* _TASK DETAILS_: Write out all of the records exactly once more and skip the images.

--- START ---

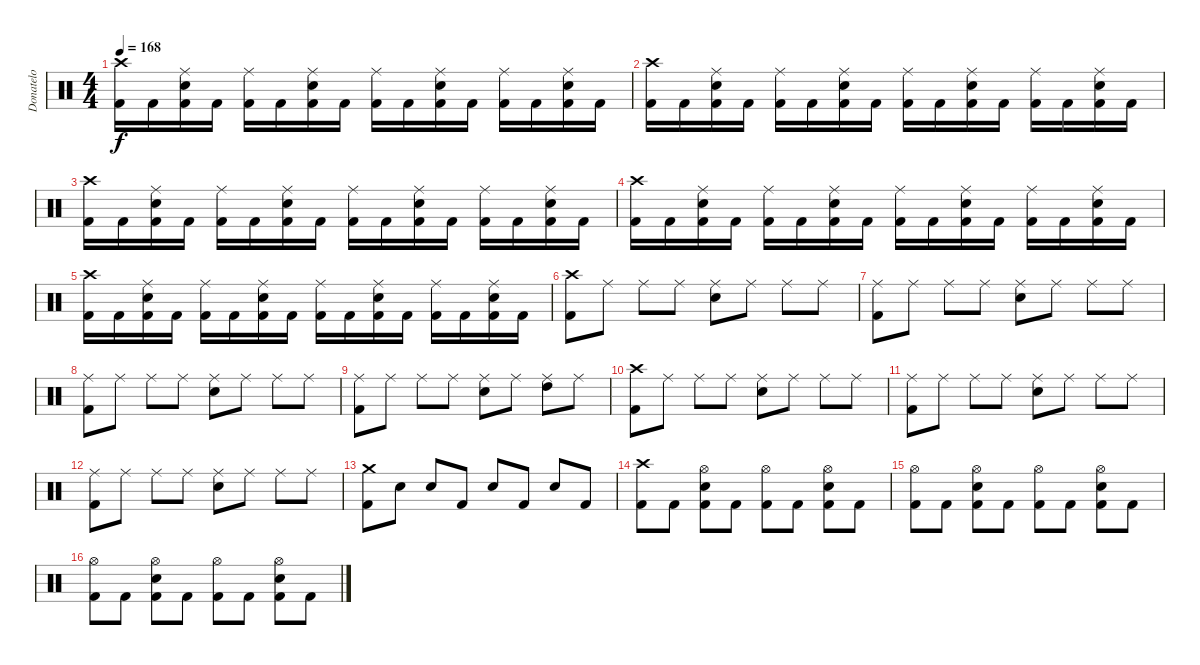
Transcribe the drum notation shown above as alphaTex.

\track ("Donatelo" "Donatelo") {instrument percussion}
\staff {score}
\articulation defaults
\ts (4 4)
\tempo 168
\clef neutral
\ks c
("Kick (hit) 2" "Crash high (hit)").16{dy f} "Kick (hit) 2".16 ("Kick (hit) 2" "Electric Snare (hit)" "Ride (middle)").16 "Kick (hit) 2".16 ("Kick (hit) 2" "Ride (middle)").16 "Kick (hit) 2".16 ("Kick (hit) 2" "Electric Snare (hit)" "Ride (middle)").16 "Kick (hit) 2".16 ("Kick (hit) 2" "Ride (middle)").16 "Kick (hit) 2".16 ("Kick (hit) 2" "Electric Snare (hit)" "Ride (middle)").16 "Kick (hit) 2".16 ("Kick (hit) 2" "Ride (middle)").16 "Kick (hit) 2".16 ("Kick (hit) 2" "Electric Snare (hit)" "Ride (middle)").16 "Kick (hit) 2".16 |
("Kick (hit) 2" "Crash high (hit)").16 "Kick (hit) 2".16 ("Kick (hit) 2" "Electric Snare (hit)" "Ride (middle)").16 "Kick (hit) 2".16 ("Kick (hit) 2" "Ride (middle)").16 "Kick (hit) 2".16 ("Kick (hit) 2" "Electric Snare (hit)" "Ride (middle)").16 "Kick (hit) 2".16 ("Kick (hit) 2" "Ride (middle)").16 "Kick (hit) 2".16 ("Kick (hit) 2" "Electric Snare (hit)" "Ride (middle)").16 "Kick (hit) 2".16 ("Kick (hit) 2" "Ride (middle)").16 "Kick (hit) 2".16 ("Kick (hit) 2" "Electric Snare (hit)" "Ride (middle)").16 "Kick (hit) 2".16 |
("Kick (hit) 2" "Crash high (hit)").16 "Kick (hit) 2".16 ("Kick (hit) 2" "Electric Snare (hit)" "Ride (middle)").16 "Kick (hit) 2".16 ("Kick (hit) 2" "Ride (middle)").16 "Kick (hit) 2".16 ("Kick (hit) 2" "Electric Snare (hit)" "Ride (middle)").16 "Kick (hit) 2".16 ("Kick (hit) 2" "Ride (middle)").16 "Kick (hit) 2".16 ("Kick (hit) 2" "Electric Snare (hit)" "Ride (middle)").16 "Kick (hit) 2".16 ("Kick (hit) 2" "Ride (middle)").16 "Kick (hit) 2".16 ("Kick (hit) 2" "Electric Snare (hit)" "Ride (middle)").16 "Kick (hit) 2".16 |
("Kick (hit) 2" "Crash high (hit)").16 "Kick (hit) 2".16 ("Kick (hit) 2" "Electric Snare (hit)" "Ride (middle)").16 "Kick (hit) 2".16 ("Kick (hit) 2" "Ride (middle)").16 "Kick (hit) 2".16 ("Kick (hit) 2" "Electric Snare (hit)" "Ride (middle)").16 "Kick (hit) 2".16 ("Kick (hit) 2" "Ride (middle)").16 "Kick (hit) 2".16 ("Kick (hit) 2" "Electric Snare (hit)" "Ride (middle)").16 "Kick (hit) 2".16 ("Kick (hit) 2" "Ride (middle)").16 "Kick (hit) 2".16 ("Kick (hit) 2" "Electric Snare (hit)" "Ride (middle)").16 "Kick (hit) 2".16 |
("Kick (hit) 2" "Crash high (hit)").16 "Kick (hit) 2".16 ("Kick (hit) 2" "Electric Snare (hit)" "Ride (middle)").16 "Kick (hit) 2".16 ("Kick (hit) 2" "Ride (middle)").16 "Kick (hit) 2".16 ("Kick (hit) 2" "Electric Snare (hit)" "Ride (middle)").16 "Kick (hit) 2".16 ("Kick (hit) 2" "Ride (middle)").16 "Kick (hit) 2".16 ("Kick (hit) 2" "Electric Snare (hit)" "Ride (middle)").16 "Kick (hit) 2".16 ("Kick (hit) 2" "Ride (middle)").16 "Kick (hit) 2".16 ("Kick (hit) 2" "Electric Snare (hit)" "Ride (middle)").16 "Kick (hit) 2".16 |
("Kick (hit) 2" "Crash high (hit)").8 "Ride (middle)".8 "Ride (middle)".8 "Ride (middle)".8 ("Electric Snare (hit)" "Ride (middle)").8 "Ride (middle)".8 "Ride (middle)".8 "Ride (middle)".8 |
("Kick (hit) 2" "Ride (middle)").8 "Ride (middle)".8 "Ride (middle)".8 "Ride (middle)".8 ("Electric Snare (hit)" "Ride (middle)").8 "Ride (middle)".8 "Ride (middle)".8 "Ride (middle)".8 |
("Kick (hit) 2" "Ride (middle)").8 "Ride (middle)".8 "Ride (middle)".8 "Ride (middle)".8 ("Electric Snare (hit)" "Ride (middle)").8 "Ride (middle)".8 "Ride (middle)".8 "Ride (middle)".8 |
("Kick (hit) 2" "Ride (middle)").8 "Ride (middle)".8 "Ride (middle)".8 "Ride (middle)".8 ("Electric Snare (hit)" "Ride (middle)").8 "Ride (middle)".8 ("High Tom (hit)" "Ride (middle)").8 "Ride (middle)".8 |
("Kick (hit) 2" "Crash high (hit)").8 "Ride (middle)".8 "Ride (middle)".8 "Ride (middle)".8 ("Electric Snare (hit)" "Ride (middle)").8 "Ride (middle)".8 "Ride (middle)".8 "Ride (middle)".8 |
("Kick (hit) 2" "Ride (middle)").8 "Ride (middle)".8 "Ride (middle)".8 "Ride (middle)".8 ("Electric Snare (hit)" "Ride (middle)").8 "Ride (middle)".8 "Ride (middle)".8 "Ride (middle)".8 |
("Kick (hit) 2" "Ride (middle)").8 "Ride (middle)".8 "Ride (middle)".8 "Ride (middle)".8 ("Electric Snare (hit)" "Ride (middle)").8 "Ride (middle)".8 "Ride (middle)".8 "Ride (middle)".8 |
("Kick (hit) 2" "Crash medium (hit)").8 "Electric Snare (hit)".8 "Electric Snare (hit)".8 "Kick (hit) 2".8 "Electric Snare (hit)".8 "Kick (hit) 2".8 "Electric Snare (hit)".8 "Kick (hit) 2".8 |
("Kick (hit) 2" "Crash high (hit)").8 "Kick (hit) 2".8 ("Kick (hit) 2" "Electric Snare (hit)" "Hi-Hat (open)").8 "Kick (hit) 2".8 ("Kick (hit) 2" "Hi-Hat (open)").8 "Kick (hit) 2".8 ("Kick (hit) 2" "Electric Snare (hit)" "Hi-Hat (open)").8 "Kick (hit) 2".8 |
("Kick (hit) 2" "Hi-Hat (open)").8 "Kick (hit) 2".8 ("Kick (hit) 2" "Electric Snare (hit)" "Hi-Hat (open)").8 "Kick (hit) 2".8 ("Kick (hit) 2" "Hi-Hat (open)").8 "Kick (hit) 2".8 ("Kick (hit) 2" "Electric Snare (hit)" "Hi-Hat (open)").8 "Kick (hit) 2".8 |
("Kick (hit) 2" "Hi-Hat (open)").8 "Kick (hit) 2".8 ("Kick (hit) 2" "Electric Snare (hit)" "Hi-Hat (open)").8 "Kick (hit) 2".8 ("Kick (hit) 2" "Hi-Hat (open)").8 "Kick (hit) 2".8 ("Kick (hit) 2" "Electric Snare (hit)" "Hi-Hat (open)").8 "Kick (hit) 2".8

--- END ---

* _ANSWER BOX_:
Transcribe the drum notation shown above as alphaTex.

\track ("Donatelo" "Donatelo") {instrument percussion}
\staff {score}
\articulation defaults
\ts (4 4)
\tempo 168
\clef neutral
\ks c
("Kick (hit) 2" "Crash high (hit)").16{dy f} "Kick (hit) 2".16 ("Kick (hit) 2" "Electric Snare (hit)" "Ride (middle)").16 "Kick (hit) 2".16 ("Kick (hit) 2" "Ride (middle)").16 "Kick (hit) 2".16 ("Kick (hit) 2" "Electric Snare (hit)" "Ride (middle)").16 "Kick (hit) 2".16 ("Kick (hit) 2" "Ride (middle)").16 "Kick (hit) 2".16 ("Kick (hit) 2" "Electric Snare (hit)" "Ride (middle)").16 "Kick (hit) 2".16 ("Kick (hit) 2" "Ride (middle)").16 "Kick (hit) 2".16 ("Kick (hit) 2" "Electric Snare (hit)" "Ride (middle)").16 "Kick (hit) 2".16 |
("Kick (hit) 2" "Crash high (hit)").16 "Kick (hit) 2".16 ("Kick (hit) 2" "Electric Snare (hit)" "Ride (middle)").16 "Kick (hit) 2".16 ("Kick (hit) 2" "Ride (middle)").16 "Kick (hit) 2".16 ("Kick (hit) 2" "Electric Snare (hit)" "Ride (middle)").16 "Kick (hit) 2".16 ("Kick (hit) 2" "Ride (middle)").16 "Kick (hit) 2".16 ("Kick (hit) 2" "Electric Snare (hit)" "Ride (middle)").16 "Kick (hit) 2".16 ("Kick (hit) 2" "Ride (middle)").16 "Kick (hit) 2".16 ("Kick (hit) 2" "Electric Snare (hit)" "Ride (middle)").16 "Kick (hit) 2".16 |
("Kick (hit) 2" "Crash high (hit)").16 "Kick (hit) 2".16 ("Kick (hit) 2" "Electric Snare (hit)" "Ride (middle)").16 "Kick (hit) 2".16 ("Kick (hit) 2" "Ride (middle)").16 "Kick (hit) 2".16 ("Kick (hit) 2" "Electric Snare (hit)" "Ride (middle)").16 "Kick (hit) 2".16 ("Kick (hit) 2" "Ride (middle)").16 "Kick (hit) 2".16 ("Kick (hit) 2" "Electric Snare (hit)" "Ride (middle)").16 "Kick (hit) 2".16 ("Kick (hit) 2" "Ride (middle)").16 "Kick (hit) 2".16 ("Kick (hit) 2" "Electric Snare (hit)" "Ride (middle)").16 "Kick (hit) 2".16 |
("Kick (hit) 2" "Crash high (hit)").16 "Kick (hit) 2".16 ("Kick (hit) 2" "Electric Snare (hit)" "Ride (middle)").16 "Kick (hit) 2".16 ("Kick (hit) 2" "Ride (middle)").16 "Kick (hit) 2".16 ("Kick (hit) 2" "Electric Snare (hit)" "Ride (middle)").16 "Kick (hit) 2".16 ("Kick (hit) 2" "Ride (middle)").16 "Kick (hit) 2".16 ("Kick (hit) 2" "Electric Snare (hit)" "Ride (middle)").16 "Kick (hit) 2".16 ("Kick (hit) 2" "Ride (middle)").16 "Kick (hit) 2".16 ("Kick (hit) 2" "Electric Snare (hit)" "Ride (middle)").16 "Kick (hit) 2".16 |
("Kick (hit) 2" "Crash high (hit)").16 "Kick (hit) 2".16 ("Kick (hit) 2" "Electric Snare (hit)" "Ride (middle)").16 "Kick (hit) 2".16 ("Kick (hit) 2" "Ride (middle)").16 "Kick (hit) 2".16 ("Kick (hit) 2" "Electric Snare (hit)" "Ride (middle)").16 "Kick (hit) 2".16 ("Kick (hit) 2" "Ride (middle)").16 "Kick (hit) 2".16 ("Kick (hit) 2" "Electric Snare (hit)" "Ride (middle)").16 "Kick (hit) 2".16 ("Kick (hit) 2" "Ride (middle)").16 "Kick (hit) 2".16 ("Kick (hit) 2" "Electric Snare (hit)" "Ride (middle)").16 "Kick (hit) 2".16 |
("Kick (hit) 2" "Crash high (hit)").8 "Ride (middle)".8 "Ride (middle)".8 "Ride (middle)".8 ("Electric Snare (hit)" "Ride (middle)").8 "Ride (middle)".8 "Ride (middle)".8 "Ride (middle)".8 |
("Kick (hit) 2" "Ride (middle)").8 "Ride (middle)".8 "Ride (middle)".8 "Ride (middle)".8 ("Electric Snare (hit)" "Ride (middle)").8 "Ride (middle)".8 "Ride (middle)".8 "Ride (middle)".8 |
("Kick (hit) 2" "Ride (middle)").8 "Ride (middle)".8 "Ride (middle)".8 "Ride (middle)".8 ("Electric Snare (hit)" "Ride (middle)").8 "Ride (middle)".8 "Ride (middle)".8 "Ride (middle)".8 |
("Kick (hit) 2" "Ride (middle)").8 "Ride (middle)".8 "Ride (middle)".8 "Ride (middle)".8 ("Electric Snare (hit)" "Ride (middle)").8 "Ride (middle)".8 ("High Tom (hit)" "Ride (middle)").8 "Ride (middle)".8 |
("Kick (hit) 2" "Crash high (hit)").8 "Ride (middle)".8 "Ride (middle)".8 "Ride (middle)".8 ("Electric Snare (hit)" "Ride (middle)").8 "Ride (middle)".8 "Ride (middle)".8 "Ride (middle)".8 |
("Kick (hit) 2" "Ride (middle)").8 "Ride (middle)".8 "Ride (middle)".8 "Ride (middle)".8 ("Electric Snare (hit)" "Ride (middle)").8 "Ride (middle)".8 "Ride (middle)".8 "Ride (middle)".8 |
("Kick (hit) 2" "Ride (middle)").8 "Ride (middle)".8 "Ride (middle)".8 "Ride (middle)".8 ("Electric Snare (hit)" "Ride (middle)").8 "Ride (middle)".8 "Ride (middle)".8 "Ride (middle)".8 |
("Kick (hit) 2" "Crash medium (hit)").8 "Electric Snare (hit)".8 "Electric Snare (hit)".8 "Kick (hit) 2".8 "Electric Snare (hit)".8 "Kick (hit) 2".8 "Electric Snare (hit)".8 "Kick (hit) 2".8 |
("Kick (hit) 2" "Crash high (hit)").8 "Kick (hit) 2".8 ("Kick (hit) 2" "Electric Snare (hit)" "Hi-Hat (open)").8 "Kick (hit) 2".8 ("Kick (hit) 2" "Hi-Hat (open)").8 "Kick (hit) 2".8 ("Kick (hit) 2" "Electric Snare (hit)" "Hi-Hat (open)").8 "Kick (hit) 2".8 |
("Kick (hit) 2" "Hi-Hat (open)").8 "Kick (hit) 2".8 ("Kick (hit) 2" "Electric Snare (hit)" "Hi-Hat (open)").8 "Kick (hit) 2".8 ("Kick (hit) 2" "Hi-Hat (open)").8 "Kick (hit) 2".8 ("Kick (hit) 2" "Electric Snare (hit)" "Hi-Hat (open)").8 "Kick (hit) 2".8 |
("Kick (hit) 2" "Hi-Hat (open)").8 "Kick (hit) 2".8 ("Kick (hit) 2" "Electric Snare (hit)" "Hi-Hat (open)").8 "Kick (hit) 2".8 ("Kick (hit) 2" "Hi-Hat (open)").8 "Kick (hit) 2".8 ("Kick (hit) 2" "Electric Snare (hit)" "Hi-Hat (open)").8 "Kick (hit) 2".8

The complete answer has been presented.